Already the little boat was no more than a swirl of smoke and fire behind them, almost lost in the immensity of the dawn sea. There was no going back; her only road was forward. “Very weary,” she admitted.
As he led her below, he said, “Tell me of the feast. The queen took such pains. The singers, the jugglers, the dancing bear . . . did your little lord husband enjoy my jousting dwarfs?”
“Yours?”
“I had to send to Braavos for them and hide them away in a brothel until the wedding. The expense was exceeded only by the bother. It is surprisingly difficult to hide a dwarf, and Joffrey . . . you can lead a king to water, but with Joff one had to splash it about before he realized he could drink it. When I told him about my little surprise, His Grace said, ‘Why would I want some ugly dwarfs at my feast? I hate dwarfs.’ I had to take him by the shoulder and whisper, ‘Not as much as your uncle will.’”
The deck rocked beneath her feet, and Sansa felt as if the world itself had grown unsteady. “They think Tyrion poisoned Joffrey. Ser Dontos said they seized him.”

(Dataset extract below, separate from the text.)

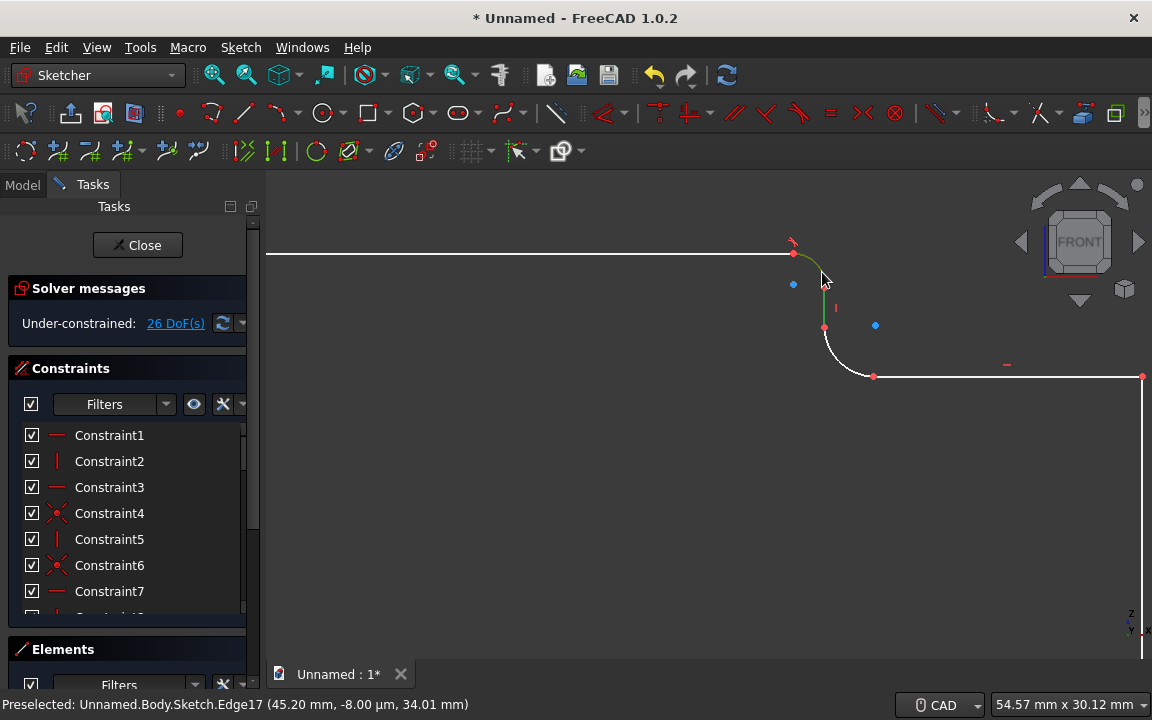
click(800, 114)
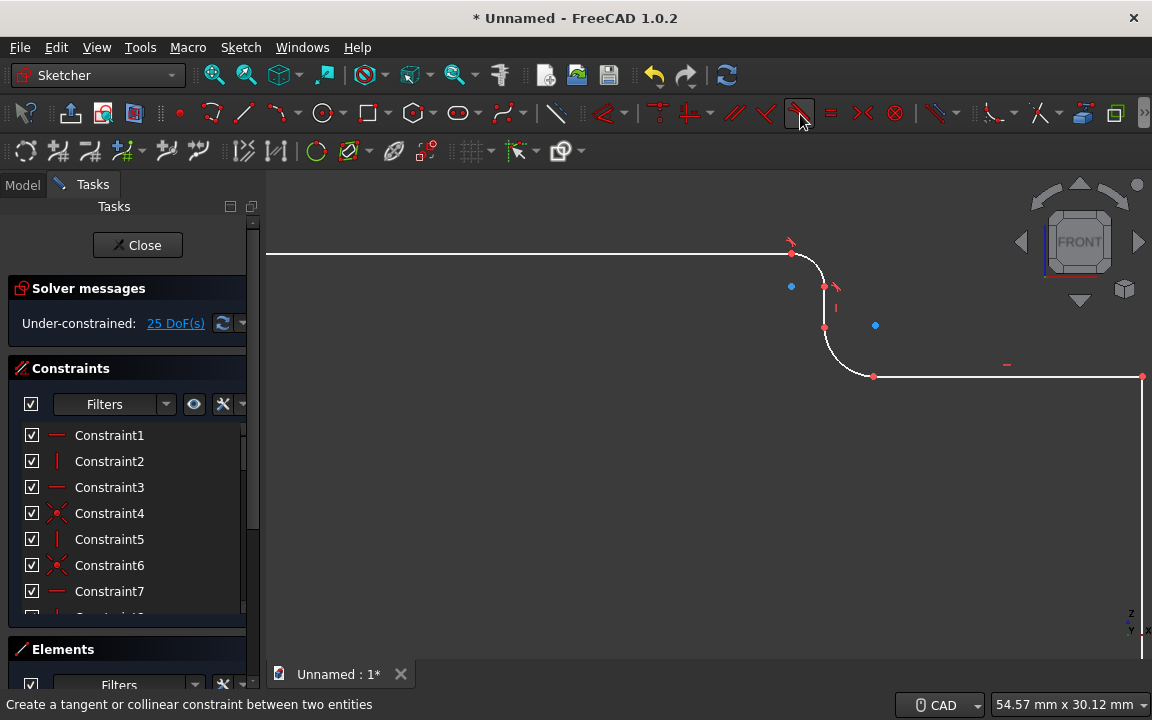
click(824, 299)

Littlefinger smiled. “Widowhood will become you, Sansa.”
The thought made her tummy flutter. She might never need to share a bed with Tyrion again. That was what she’d wanted . . . wasn’t it?
The cabin was low and cramped, but a featherbed had been laid upon the narrow sleeping shelf to make it more comfortable, and thick furs piled atop it. “It will be snug, I know, but you shouldn’t be too uncomfortable.” Littlefinger pointed out a cedar chest under the porthole. “You’ll find fresh garb within. Dresses, smallclothes, warm stockings, a cloak. Wool and linen only, I fear. Unworthy of a maid so beautiful, but they’ll serve to keep you dry and clean until we can find you something finer.”

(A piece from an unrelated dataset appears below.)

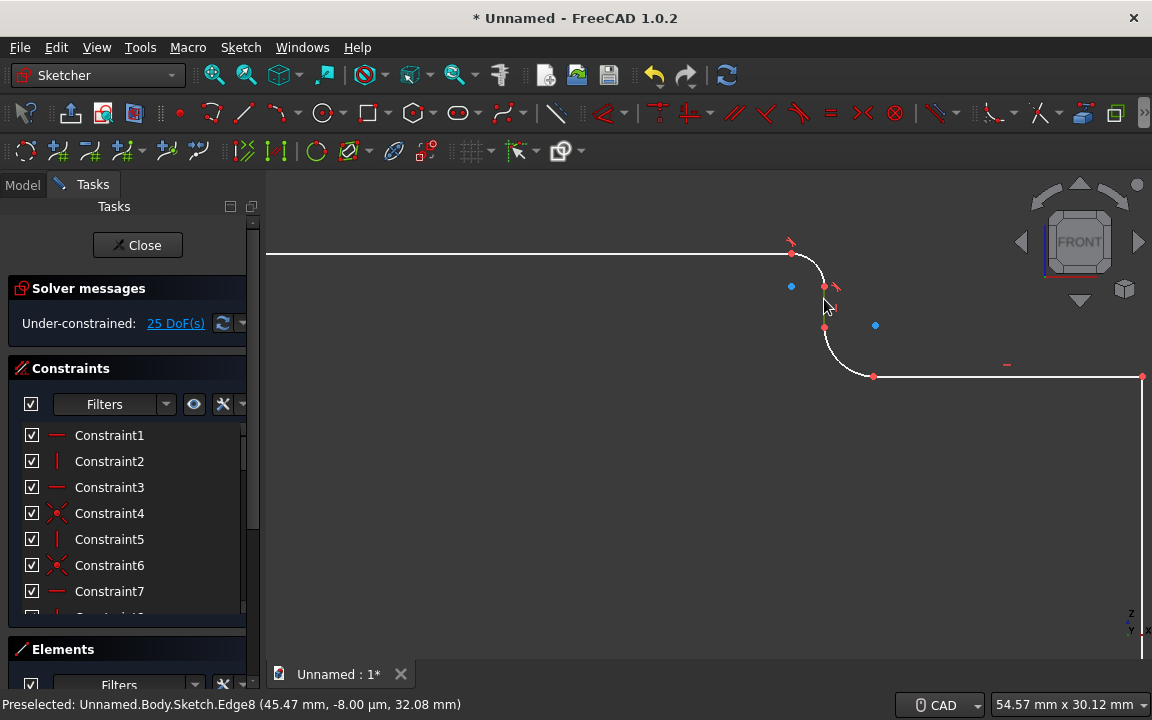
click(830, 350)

He had this all prepared for me. “My lord, I . . . I do not understand . . . Joffrey gave you Harrenhal, made you Lord Paramount of the Trident . . . why . . .”
“Why should I wish him dead?” Littlefinger shrugged. “I had no motive. Besides, I am a thousand leagues away in the Vale. Always keep your foes confused. If they are never certain who you are or what you want, they cannot know what you are like to do next. Sometimes the best way to baffle them is to make moves that have no purpose, or even seem to work against you. Remember that, Sansa, when you come to play the game.”
“What . . . what game?”
“The only game. The game of thrones.” He brushed back a strand of her hair. “You are old enough to know that your mother and I were more than friends. There was a time when Cat was all I wanted in this world. I dared to dream of the life we might make and the children she would give me . . . but she was a daughter of Riverrun, and Hoster Tully. Family, Duty, Honor, Sansa. Family, Duty, Honor meant I could never have her hand. But she gave me something finer, a gift a woman can give but once. How could I turn my back upon her daughter? In a better world, you might have been mine, not Eddard Stark’s. My loyal loving daughter . . . Put Joffrey from your mind, sweetling. Dontos, Tyrion, all of them. They will never trouble you again. You are safe now, that’s all that matters. You are safe with me, and sailing home.”